**Work item:**
From the entries below, reproduce exactly the lines from the one with "When 15 is the" through the one with "( \theta ) .</formula>", both included, without images.

---+---

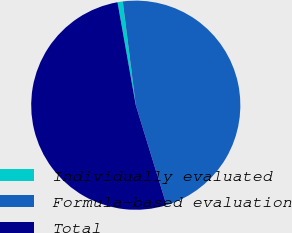Convert chart. <chart><loc_0><loc_0><loc_500><loc_500><pie_chart><fcel>Individually evaluated<fcel>Formula-based evaluation<fcel>Total<nl><fcel>0.81%<fcel>47.24%<fcel>51.96%<nl></chart> 
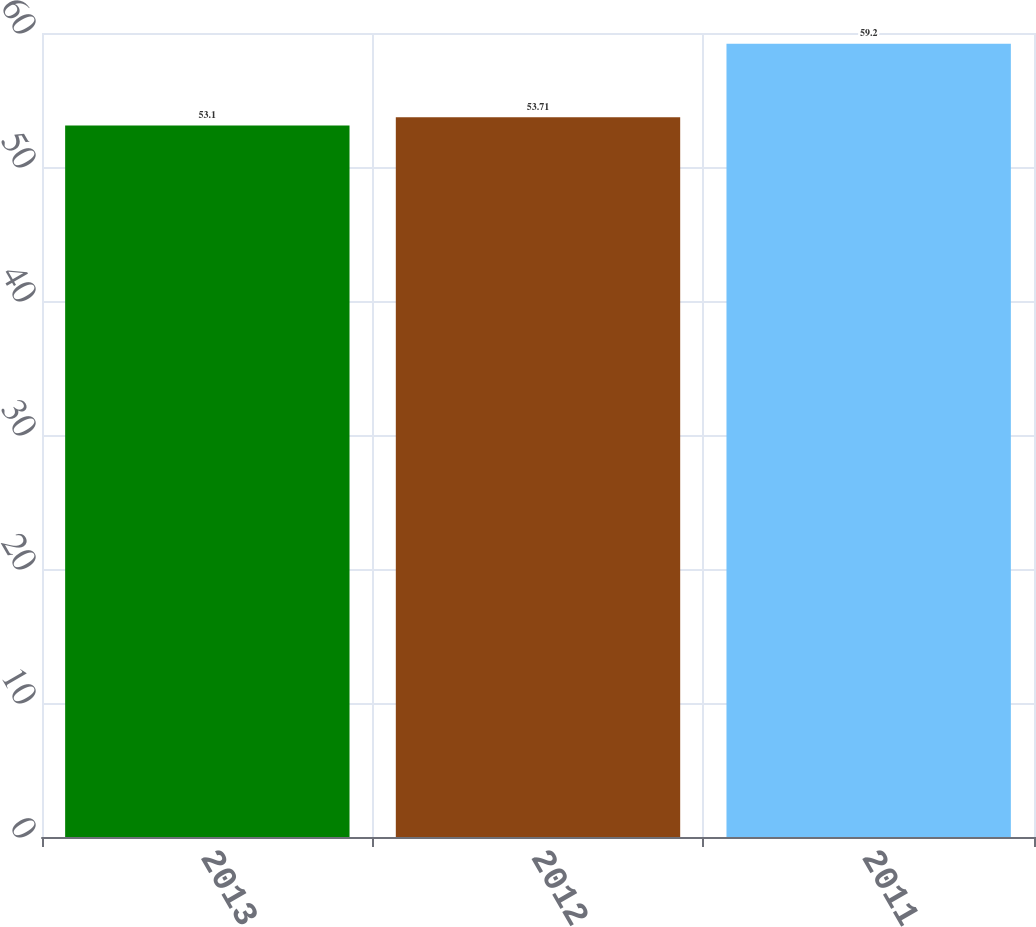<chart> <loc_0><loc_0><loc_500><loc_500><bar_chart><fcel>2013<fcel>2012<fcel>2011<nl><fcel>53.1<fcel>53.71<fcel>59.2<nl></chart> 
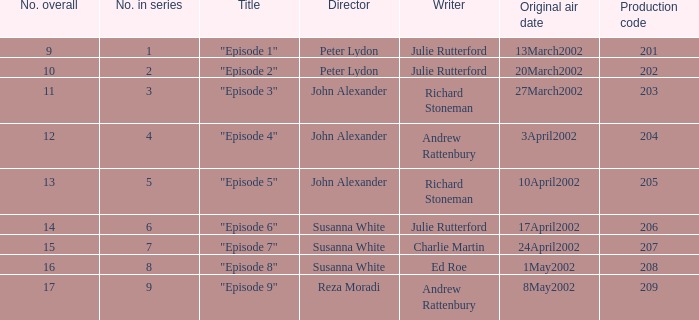When 15 is the number overall what is the original air date? 24April2002. 
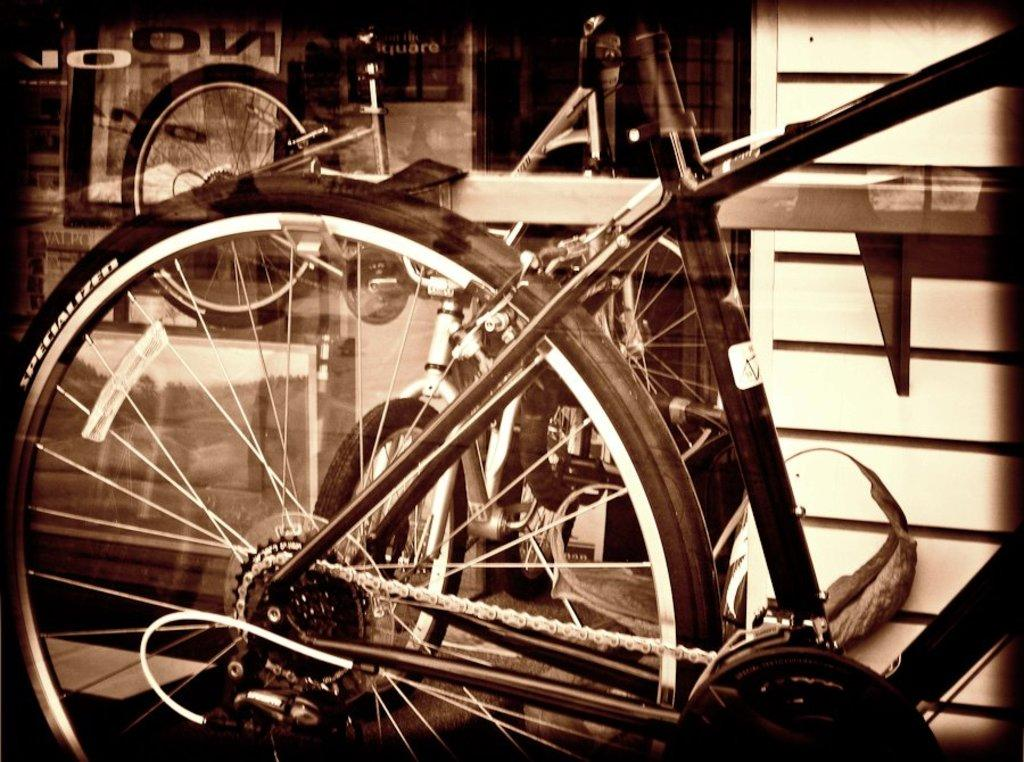What type of vehicles are present in the image? There are bicycles in the image. What type of milk is being poured from the middle of the bicycle in the image? There is no milk or pouring action present in the image; it only features bicycles. 
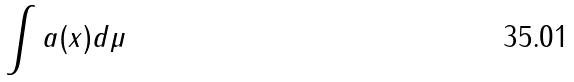Convert formula to latex. <formula><loc_0><loc_0><loc_500><loc_500>\int a ( x ) d \mu</formula> 
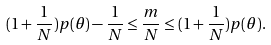Convert formula to latex. <formula><loc_0><loc_0><loc_500><loc_500>( 1 + \frac { 1 } { N } ) p ( \theta ) - \frac { 1 } { N } \leq \frac { m } { N } \leq ( 1 + \frac { 1 } { N } ) p ( \theta ) .</formula> 
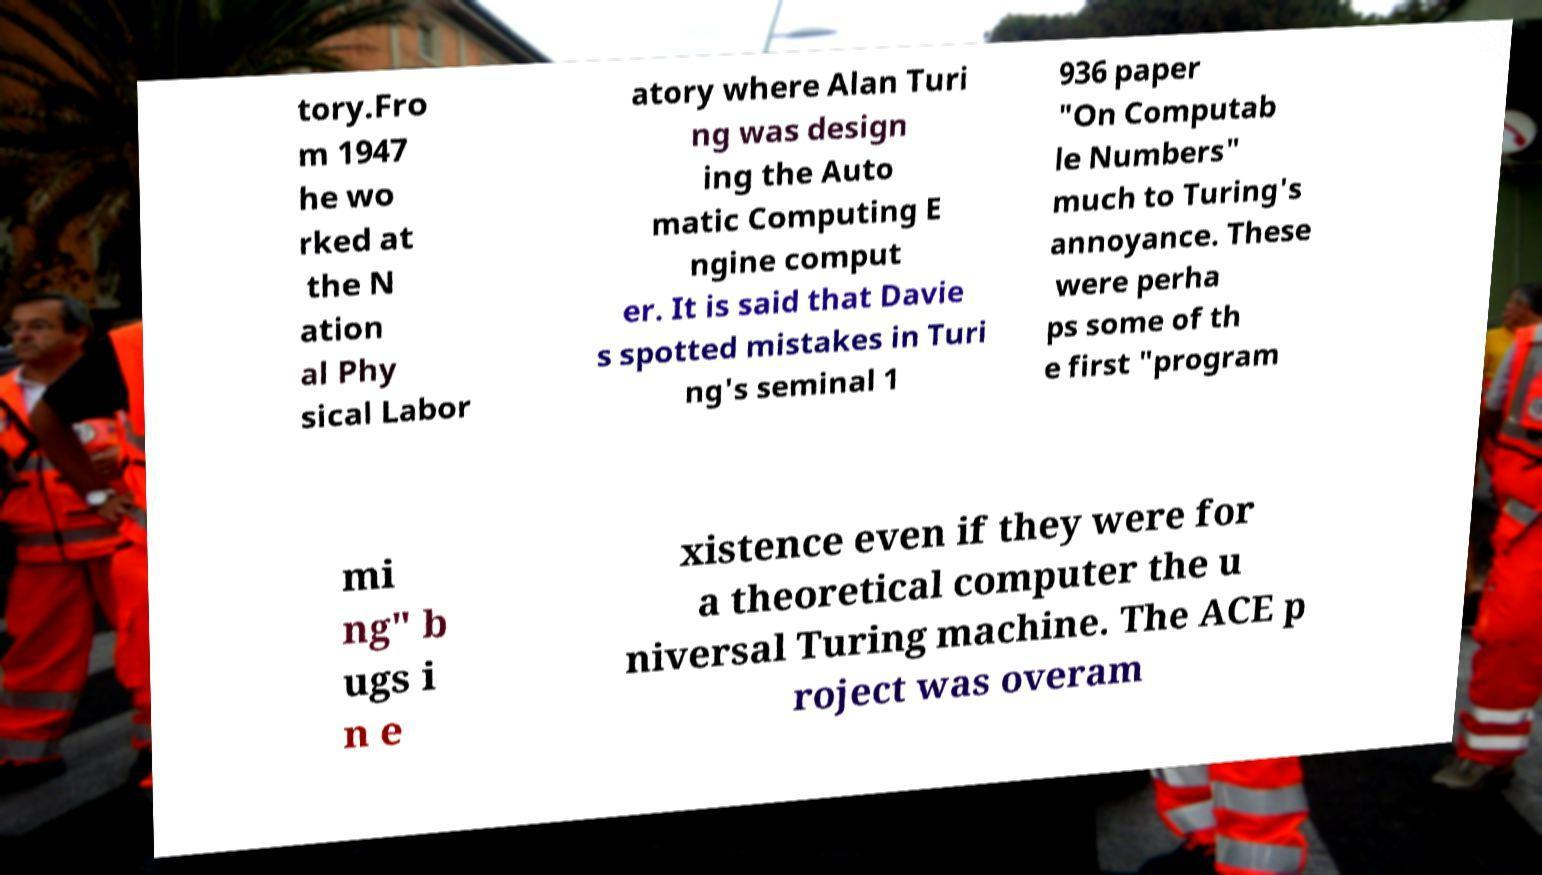Please read and relay the text visible in this image. What does it say? tory.Fro m 1947 he wo rked at the N ation al Phy sical Labor atory where Alan Turi ng was design ing the Auto matic Computing E ngine comput er. It is said that Davie s spotted mistakes in Turi ng's seminal 1 936 paper "On Computab le Numbers" much to Turing's annoyance. These were perha ps some of th e first "program mi ng" b ugs i n e xistence even if they were for a theoretical computer the u niversal Turing machine. The ACE p roject was overam 
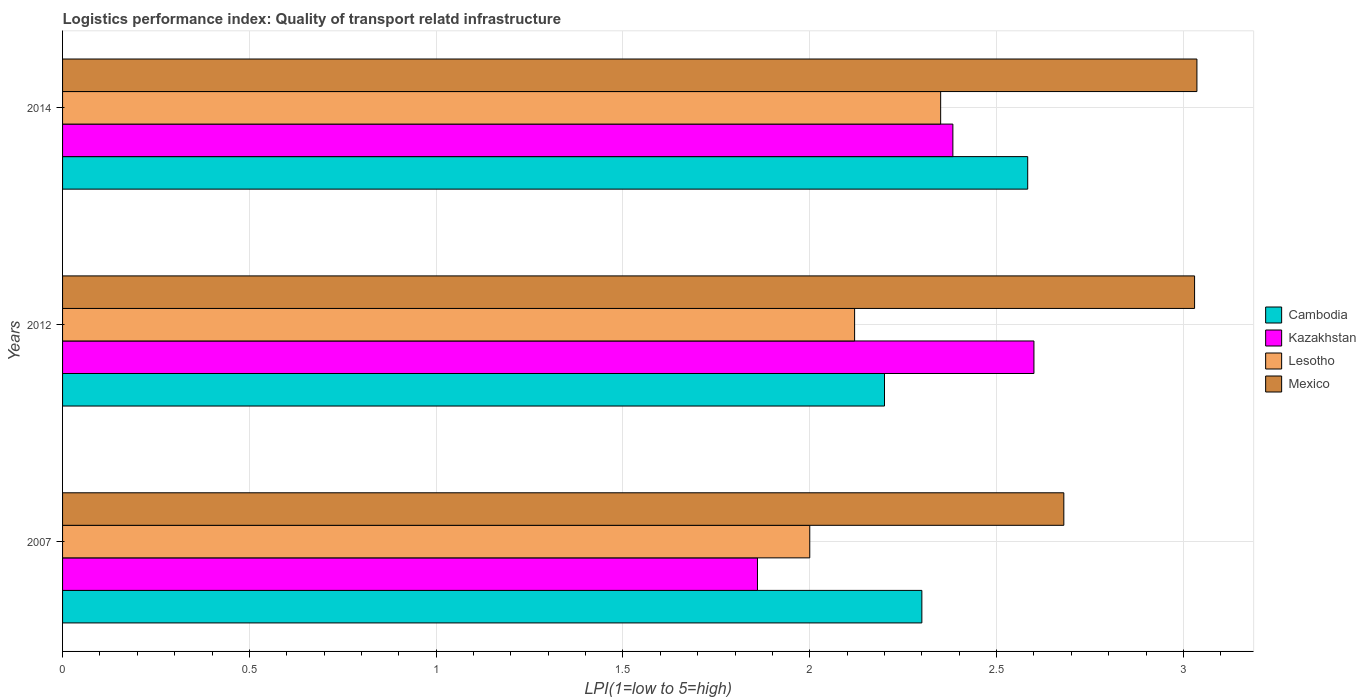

---+---

**Reply to the task:**
When 15 is the number overall what is the original air date? 24April2002. 
What type of vehicles are present in the image? There are bicycles in the image. What type of milk is being poured from the middle of the bicycle in the image? There is no milk or pouring action present in the image; it only features bicycles. 
Convert formula to latex. <formula><loc_0><loc_0><loc_500><loc_500>\int a ( x ) d \mu</formula> 
Convert formula to latex. <formula><loc_0><loc_0><loc_500><loc_500>( 1 + \frac { 1 } { N } ) p ( \theta ) - \frac { 1 } { N } \leq \frac { m } { N } \leq ( 1 + \frac { 1 } { N } ) p ( \theta ) .</formula> 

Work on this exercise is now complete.